Two helicopters collide - Gold Coast, Queensland - Sea World 2/1/2023
DroneDog: The white covers for these floats might have been reflecting in the gloss paint of -XKQ which may explain what the apparent white on side of -XKQ as seen in the on-board footage from -XH9 released by 7 News.

See also my update to post #313 with link to Channel 9 release of the on-board video but now without using watermarks.
Last edited by helispotter; 9th Jan 2023 at 00:20.
Regulator Systemic Failure.
This airspace between Brisbane and Gold Coast Covers two airfields YHEC and YSPT and many Helicopter pads, the busiest being YSWD YGHT, YCAX and YXHG but YSPT also has considerable Helicopter operations associated with its maintenance facility, The air space is simply Class G with a CTAF frequency assigned to some of the landing areas, there is no promulgated Danger Area (eg: Archerfield training area) or Broadcast Zone (eg: Redcliff) or Mandatory Broadcast Zone (eg: Ballina).
This gap now seems brutally obvious. This small area between two Primary Airports often has intense bursts of aviation activity!
Regulators have been asleep or worse and this is a contributing factor to this accident. The ATSB have a lot of video, the new helicopters were wired up with tourist cameras and weeks of CTAF audio are in their hands, they already have a good idea of the procedural and human performance issues that contributed to this accident but I hope that they look long and hard at the relevant regulatory authorities and how inaction or even negligence has contributed to the accident.

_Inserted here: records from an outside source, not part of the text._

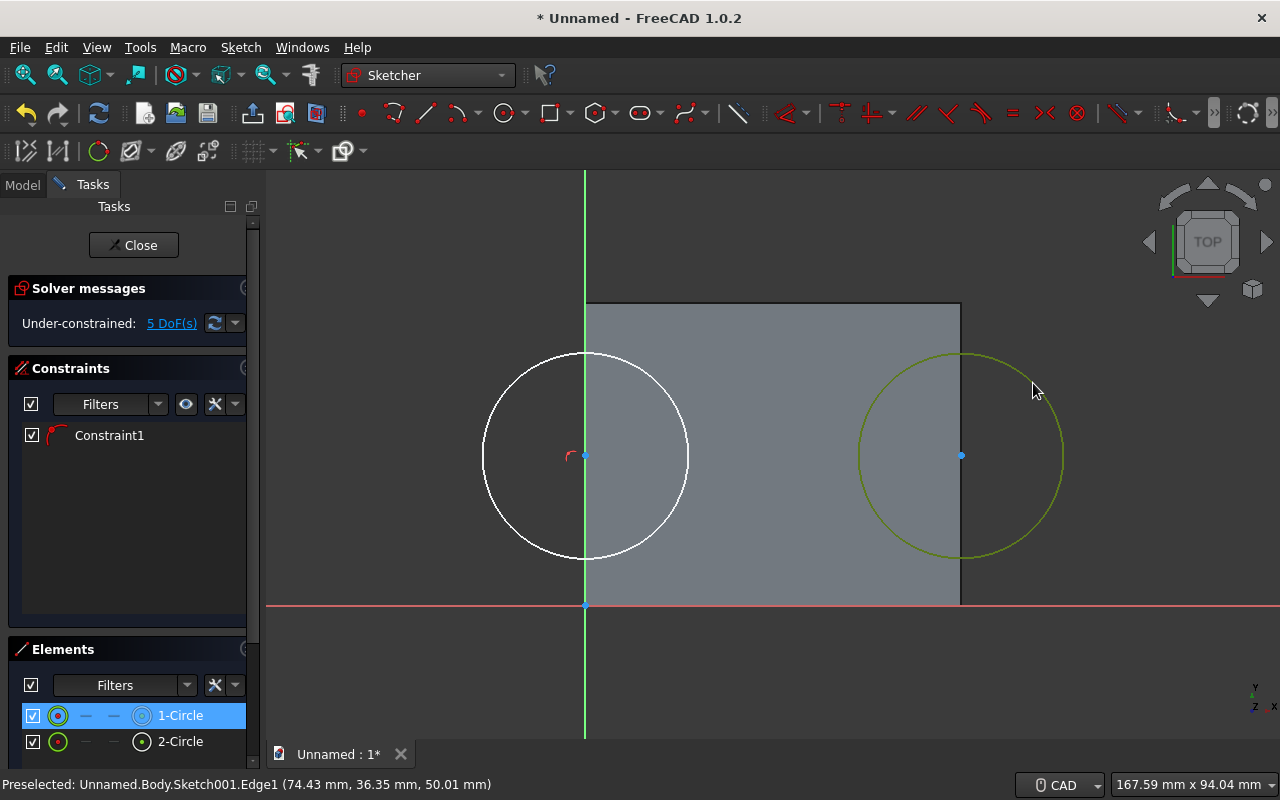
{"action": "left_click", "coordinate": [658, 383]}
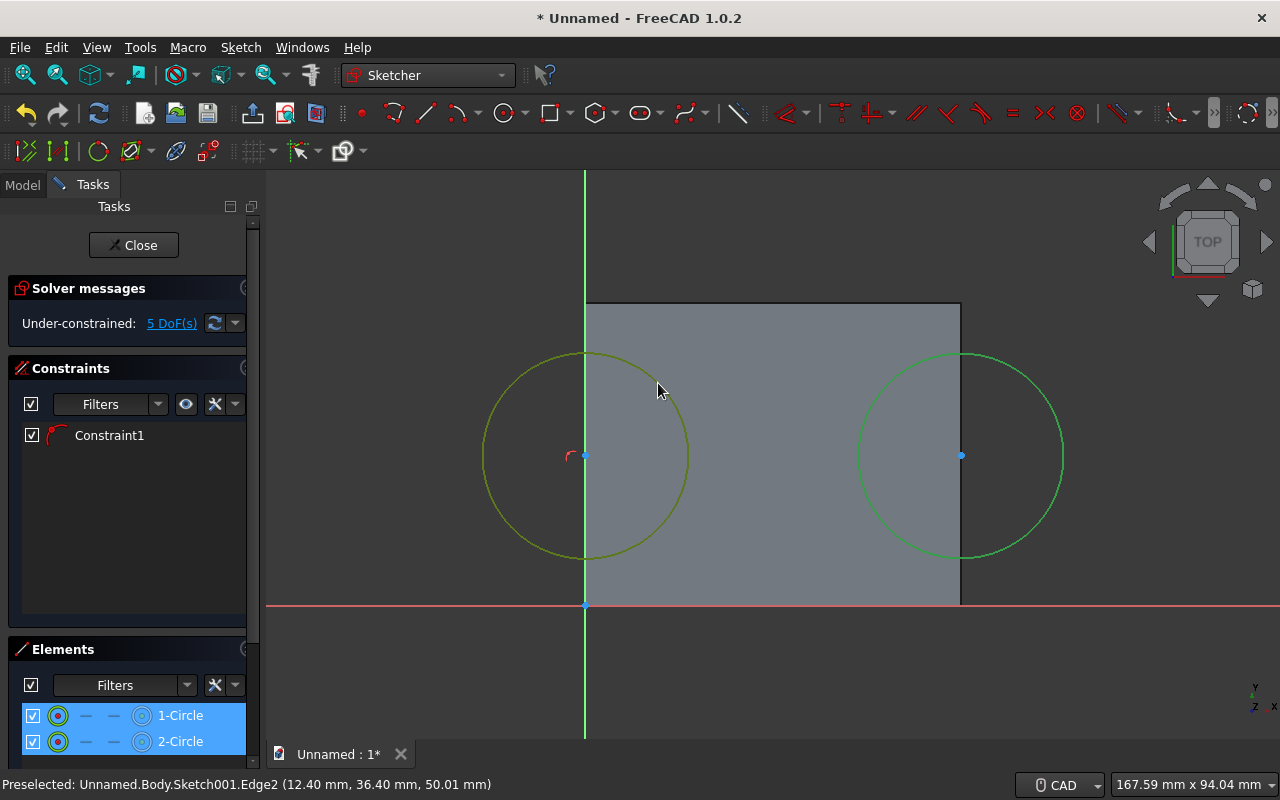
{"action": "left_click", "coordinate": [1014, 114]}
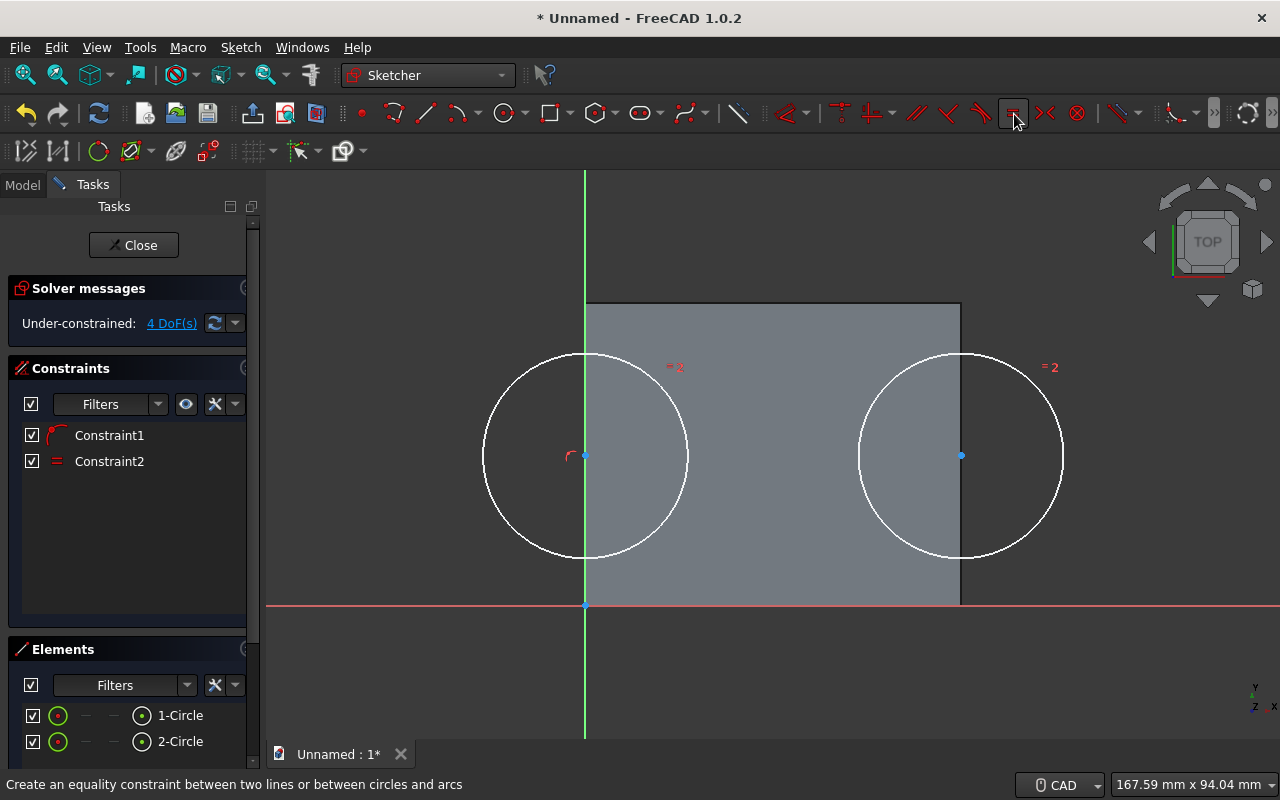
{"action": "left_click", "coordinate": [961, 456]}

This airspace between Brisbane and Gold Coast Covers two airfields YHEC and YSPT and many Helicopter pads, the busiest being YSWD YGHT, YCAX and YXHG but YSPT also has considerable Helicopter operations associated with its maintenance facility, The air space is simply Class G with a CTAF frequency assigned to some of the landing areas, there is no promulgated Danger Area (eg: Archerfield training area) or Broadcast Zone (eg: Redcliff) or Mandatory Broadcast Zone (eg: Ballina).
This gap now seems brutally obvious. This small area between two Primary Airports often has intense bursts of aviation activity!
Regulators have been asleep or worse and this is a contributing factor to this accident. The ATSB have a lot of video, the new helicopters were wired up with tourist cameras and weeks of CTAF audio are in their hands, they already have a good idea of the procedural and human performance issues that contributed to this accident but I hope that they look long and hard at the relevant regulatory authorities and how inaction or even negligence has contributed to the accident.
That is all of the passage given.